When a user asks for setup, audit, planning, validation, or iteration, the agent should do the operational work itself:

• resolve the target repository and installed plugin root
• run bundled helper scripts internally when deterministic setup, scanning, scoring, or validation is useful
• write .rlxp/ files in the target repository
• parse metrics and update the report/ledger
• ask the user only for confirmations that cannot be inferred safely, especially task, metric, scope, budget, hardware, baseline, and evaluation protocol
• refuse GPU training or W&B/network fetches until the contract explicitly allows them
• when autonomous mode is approved, keep iterating from .rlxp/ state until the budget or stop rule fires; do not stop after only preparing the next run

The bundled Python scripts are agent implementation details and maintainer utilities, not the normal user interface.

Release Validation

For plugin development, run the package validator from this package root before publishing or handing off a local marketplace build:

python plugins/rl-experiment-assistant/scripts/rlxp_validate_package.py

The package validator is the release gate. Detailed maintainer checks and optional real-Holosoma validation commands live in plugins/rl-experiment-assistant/docs/release-validation.md.

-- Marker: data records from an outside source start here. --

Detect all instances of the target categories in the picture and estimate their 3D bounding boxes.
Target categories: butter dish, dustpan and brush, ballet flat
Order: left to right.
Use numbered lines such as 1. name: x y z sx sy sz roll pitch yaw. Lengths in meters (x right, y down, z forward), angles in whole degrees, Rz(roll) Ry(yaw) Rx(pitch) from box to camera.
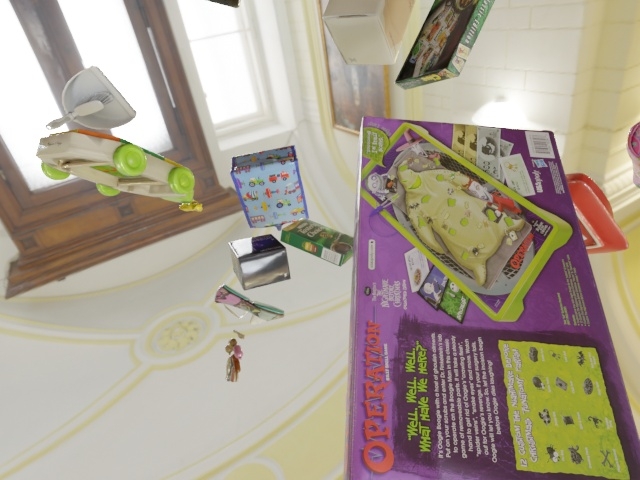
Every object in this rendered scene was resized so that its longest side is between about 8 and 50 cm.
1. dustpan and brush: -0.574 -0.312 0.996 0.211 0.147 0.060 -11 -132 21
2. ballet flat: -0.222 0.211 1.280 0.221 0.079 0.077 24 179 -4
3. butter dish: 0.422 -0.058 0.715 0.118 0.160 0.160 -51 -163 -26

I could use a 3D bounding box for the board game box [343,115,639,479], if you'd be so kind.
1. board game box: 0.132 0.031 0.374 0.208 0.056 0.347 7 -121 -2

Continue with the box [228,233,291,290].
1. box: -0.197 0.063 1.323 0.153 0.108 0.207 -13 -163 -18

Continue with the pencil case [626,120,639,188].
1. pencil case: 0.843 -0.205 1.034 0.124 0.124 0.284 22 -178 42

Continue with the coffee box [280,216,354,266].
1. coffee box: 0.000 0.000 1.080 0.184 0.041 0.113 23 -151 22

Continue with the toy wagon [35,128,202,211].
1. toy wagon: -0.392 -0.135 0.882 0.267 0.068 0.344 3 171 30

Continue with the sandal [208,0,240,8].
1. sandal: -0.351 -0.569 0.816 0.167 0.107 0.445 36 -148 29

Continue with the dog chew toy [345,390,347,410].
1. dog chew toy: 0.208 0.351 1.058 0.206 0.206 0.332 32 -91 49

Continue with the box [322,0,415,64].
1. box: 0.127 -0.541 0.870 0.121 0.148 0.311 13 -102 28

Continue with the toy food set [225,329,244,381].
1. toy food set: -0.201 0.272 0.955 0.019 0.122 0.078 6 -179 -37

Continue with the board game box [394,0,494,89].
1. board game box: 0.216 -0.365 0.646 0.030 0.260 0.136 26 179 -24

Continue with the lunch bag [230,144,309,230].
1. lunch bag: -0.165 -0.155 1.445 0.220 0.293 0.138 -11 -144 -1
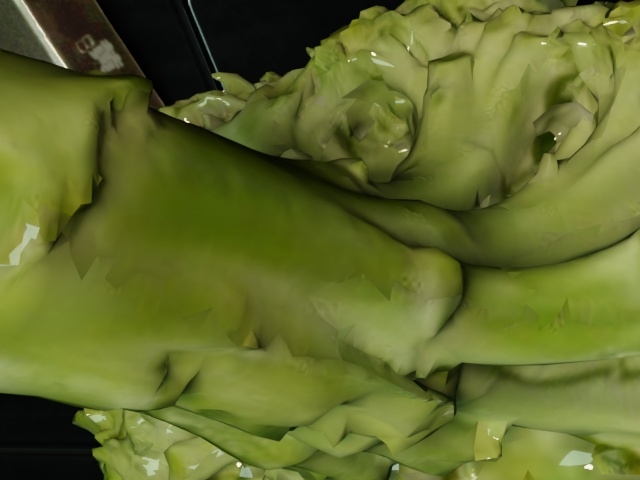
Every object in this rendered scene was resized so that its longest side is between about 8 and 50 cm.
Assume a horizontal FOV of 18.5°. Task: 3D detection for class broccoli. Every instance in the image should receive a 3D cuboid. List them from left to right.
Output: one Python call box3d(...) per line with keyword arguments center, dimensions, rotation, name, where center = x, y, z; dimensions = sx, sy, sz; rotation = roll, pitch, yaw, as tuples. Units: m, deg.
box3d(center=(-0.011, 0.020, 0.659), dimensions=(0.275, 0.397, 0.353), rotation=(64, 149, 25), name="broccoli")

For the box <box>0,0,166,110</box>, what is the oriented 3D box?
box3d(center=(-0.186, -0.016, 1.026), dimensions=(0.325, 0.047, 0.180), rotation=(-28, 98, 49), name="box")
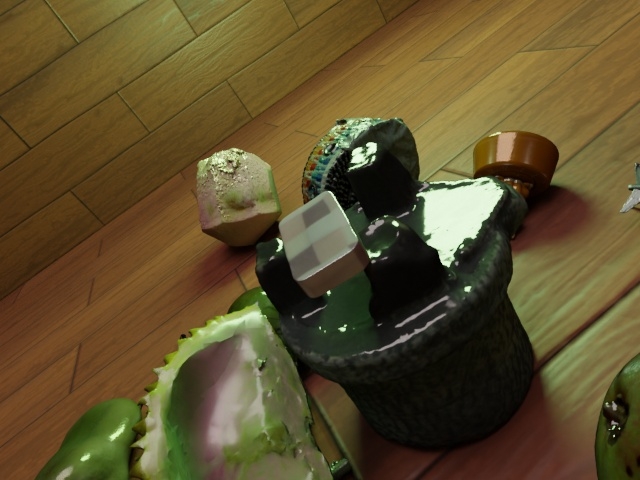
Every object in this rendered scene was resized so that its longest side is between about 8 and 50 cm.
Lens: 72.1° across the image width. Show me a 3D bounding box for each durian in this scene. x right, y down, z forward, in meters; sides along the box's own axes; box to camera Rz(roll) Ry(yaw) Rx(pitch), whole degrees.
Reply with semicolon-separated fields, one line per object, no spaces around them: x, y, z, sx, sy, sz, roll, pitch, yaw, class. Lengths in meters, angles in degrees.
-0.058;0.224;0.402;0.169;0.158;0.352;-35;63;3;durian

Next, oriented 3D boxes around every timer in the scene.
0.303;-0.077;0.708;0.132;0.132;0.152;-2;64;45;timer

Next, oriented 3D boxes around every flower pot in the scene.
0.103;0.050;0.517;0.299;0.283;0.299;-27;28;16;flower pot

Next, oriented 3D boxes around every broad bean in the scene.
-0.384;0.370;0.736;0.189;0.121;0.263;-39;13;-1;broad bean

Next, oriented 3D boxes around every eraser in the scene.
0.000;0.000;0.396;0.065;0.026;0.105;-30;35;7;eraser

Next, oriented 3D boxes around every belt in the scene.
0.085;-0.137;0.915;0.257;0.207;0.150;-47;32;-8;belt

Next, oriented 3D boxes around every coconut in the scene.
-0.225;-0.103;1.174;0.233;0.245;0.233;-12;-8;-2;coconut

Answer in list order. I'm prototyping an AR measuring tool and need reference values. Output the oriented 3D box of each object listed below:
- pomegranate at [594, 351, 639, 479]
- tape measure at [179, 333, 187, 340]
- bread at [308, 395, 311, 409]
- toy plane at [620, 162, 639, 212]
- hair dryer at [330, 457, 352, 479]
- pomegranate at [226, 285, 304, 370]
0.292;0.164;0.290;0.179;0.210;0.179;-42;-8;-8;pomegranate
-0.228;0.232;0.713;0.104;0.180;0.107;5;43;28;tape measure
-0.116;0.268;0.597;0.228;0.034;0.228;-20;7;3;bread
0.485;-0.055;0.515;0.226;0.058;0.226;7;64;52;toy plane
-0.056;0.357;0.452;0.224;0.088;0.219;-16;36;2;hair dryer
-0.052;0.142;0.703;0.191;0.152;0.131;-12;20;-3;pomegranate
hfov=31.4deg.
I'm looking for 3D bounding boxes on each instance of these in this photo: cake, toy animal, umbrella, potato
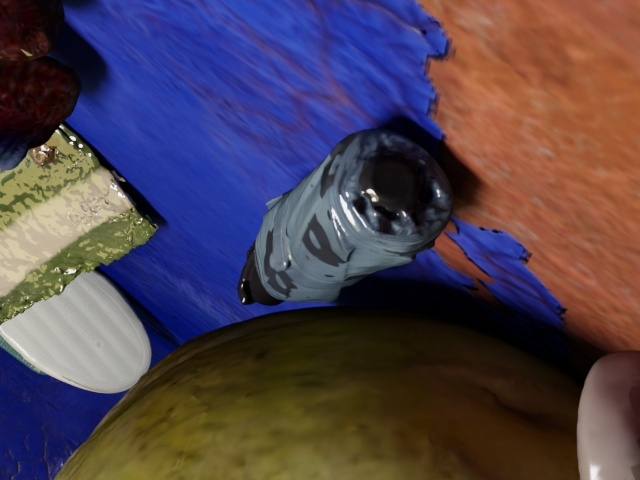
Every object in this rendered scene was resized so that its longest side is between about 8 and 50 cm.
[{"bbox_3d":[-0.266,-0.007,0.909,0.158,0.172,0.283,44,162,-28],"label":"cake"},{"bbox_3d":[-0.203,-0.104,0.570,0.179,0.116,0.218,22,151,49],"label":"toy animal"},{"bbox_3d":[0.002,0.000,0.523,0.053,0.052,0.250,6,169,-11],"label":"umbrella"},{"bbox_3d":[0.039,0.113,0.538,0.330,0.213,0.280,12,158,-39],"label":"potato"}]

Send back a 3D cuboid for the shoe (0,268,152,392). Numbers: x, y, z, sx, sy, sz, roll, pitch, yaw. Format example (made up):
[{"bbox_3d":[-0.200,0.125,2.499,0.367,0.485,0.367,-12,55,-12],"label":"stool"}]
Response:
[{"bbox_3d":[-0.356,0.047,1.353,0.363,0.132,0.160,45,164,-6],"label":"shoe"}]

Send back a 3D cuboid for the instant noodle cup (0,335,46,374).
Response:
[{"bbox_3d":[-0.350,0.106,1.464,0.157,0.070,0.179,33,-163,15],"label":"instant noodle cup"}]

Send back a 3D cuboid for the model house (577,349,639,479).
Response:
[{"bbox_3d":[0.186,0.123,0.335,0.188,0.122,0.229,9,164,38],"label":"model house"}]
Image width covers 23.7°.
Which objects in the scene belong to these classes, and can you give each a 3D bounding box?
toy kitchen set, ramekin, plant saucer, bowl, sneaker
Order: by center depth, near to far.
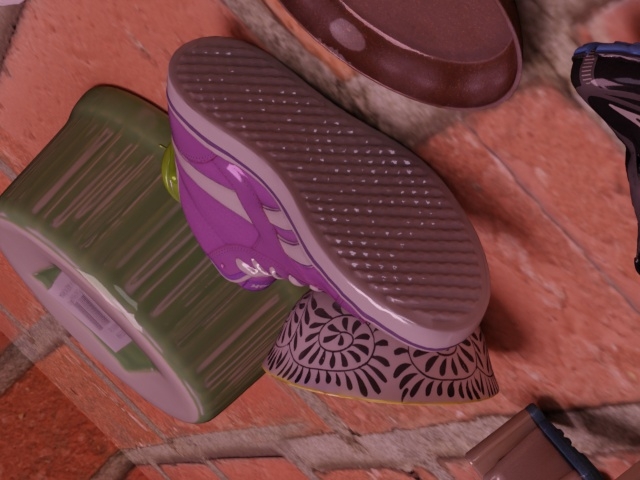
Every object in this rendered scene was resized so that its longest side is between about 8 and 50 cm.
[{"bbox_3d":[0.173,-0.014,0.693,0.188,0.078,0.067,52,160,-22],"label":"sneaker"},{"bbox_3d":[0.036,-0.132,0.778,0.168,0.029,0.168,30,159,13],"label":"plant saucer"},{"bbox_3d":[0.001,-0.001,1.015,0.282,0.102,0.161,46,148,30],"label":"sneaker"},{"bbox_3d":[0.046,0.058,1.078,0.170,0.080,0.170,5,-174,-1],"label":"bowl"},{"bbox_3d":[0.217,0.205,1.081,0.166,0.122,0.207,52,180,-24],"label":"toy kitchen set"},{"bbox_3d":[-0.153,0.024,1.360,0.303,0.148,0.303,39,161,16],"label":"ramekin"}]

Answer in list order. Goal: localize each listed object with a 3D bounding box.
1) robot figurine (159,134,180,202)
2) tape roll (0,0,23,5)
[{"bbox_3d":[-0.076,-0.049,1.165,0.115,0.067,0.101,26,175,43],"label":"robot figurine"},{"bbox_3d":[-0.249,-0.287,0.962,0.286,0.100,0.286,38,161,16],"label":"tape roll"}]
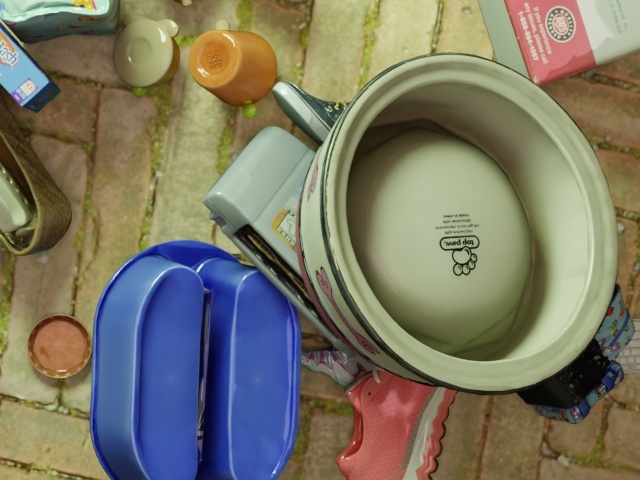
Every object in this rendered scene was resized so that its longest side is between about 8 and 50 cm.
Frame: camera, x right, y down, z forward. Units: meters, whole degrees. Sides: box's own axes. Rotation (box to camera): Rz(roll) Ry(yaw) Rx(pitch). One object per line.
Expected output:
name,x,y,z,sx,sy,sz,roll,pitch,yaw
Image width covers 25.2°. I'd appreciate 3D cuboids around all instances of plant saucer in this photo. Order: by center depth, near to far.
plant saucer,-0.337,0.136,1.847,0.083,0.013,0.084,0,93,-7

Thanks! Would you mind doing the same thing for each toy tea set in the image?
toy tea set,-0.122,-0.323,1.813,0.200,0.124,0.336,21,95,23

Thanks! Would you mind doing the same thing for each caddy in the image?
caddy,-0.159,0.169,1.789,0.241,0.179,0.341,4,87,-27

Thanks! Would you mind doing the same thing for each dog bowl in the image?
dog bowl,0.151,-0.009,1.718,0.408,0.150,0.408,7,74,-26

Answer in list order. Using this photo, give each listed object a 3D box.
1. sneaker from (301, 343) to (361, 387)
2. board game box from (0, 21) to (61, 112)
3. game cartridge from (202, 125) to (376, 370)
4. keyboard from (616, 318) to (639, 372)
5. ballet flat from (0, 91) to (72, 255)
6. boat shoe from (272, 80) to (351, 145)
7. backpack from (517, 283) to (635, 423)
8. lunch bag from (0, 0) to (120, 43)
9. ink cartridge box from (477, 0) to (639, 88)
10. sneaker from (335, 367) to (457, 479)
sneaker,0.013,0.144,1.875,0.098,0.038,0.069,28,89,-16
board game box,-0.387,-0.230,1.721,0.047,0.210,0.160,-42,97,-3
game cartridge,0.000,0.000,1.792,0.297,0.062,0.198,45,43,-10
keyboard,0.309,0.147,1.916,0.256,0.014,0.072,-3,94,-6
ballet flat,-0.428,-0.120,1.735,0.116,0.124,0.342,-23,109,20
boat shoe,0.022,-0.159,1.835,0.183,0.065,0.083,43,83,-25
backpack,0.330,0.136,1.843,0.173,0.158,0.117,-43,101,-17
lunch bag,-0.326,-0.380,1.711,0.160,0.223,0.262,-7,93,-6
ink cartridge box,0.388,-0.384,1.818,0.384,0.160,0.279,-19,96,-4
sneaker,0.105,0.183,1.841,0.136,0.116,0.314,14,94,-7

The release gate is intentionally safe: it parses skills and schemas, compiles helper scripts, exercises task/study state helpers, and defines the CPU-only toy benchmark as the production smoke scenario. That smoke should check the practical helper scripts with local fixture files, verify that dry-run helpers do not launch, verify that rlxp_autoloop_runner.py is the only bundled launch-capable path, and verify that the real-Holosoma validator does not run smoke training or W&B fetches unless explicitly requested.

Troubleshooting

• Profile example mismatch: treat packaged examples as hints and re-audit the checked-out target repo before launch.
• IsaacSim Holosoma focus: treat scene traversal as a Holosoma adapter profile, not a package assumption. Use the profile command only after inspecting the target checkout and approving the contract; keep launch blocked until then.
• GPU unavailable: treat the failed preflight as an environment blocker, not a plugin failure.
• W&B unavailable: skip W&B validation; the CPU-only production smoke and offline validation remain the default package gates.
• Incomplete contract: keep launch blocked until all required confirmations and approval records are explicit.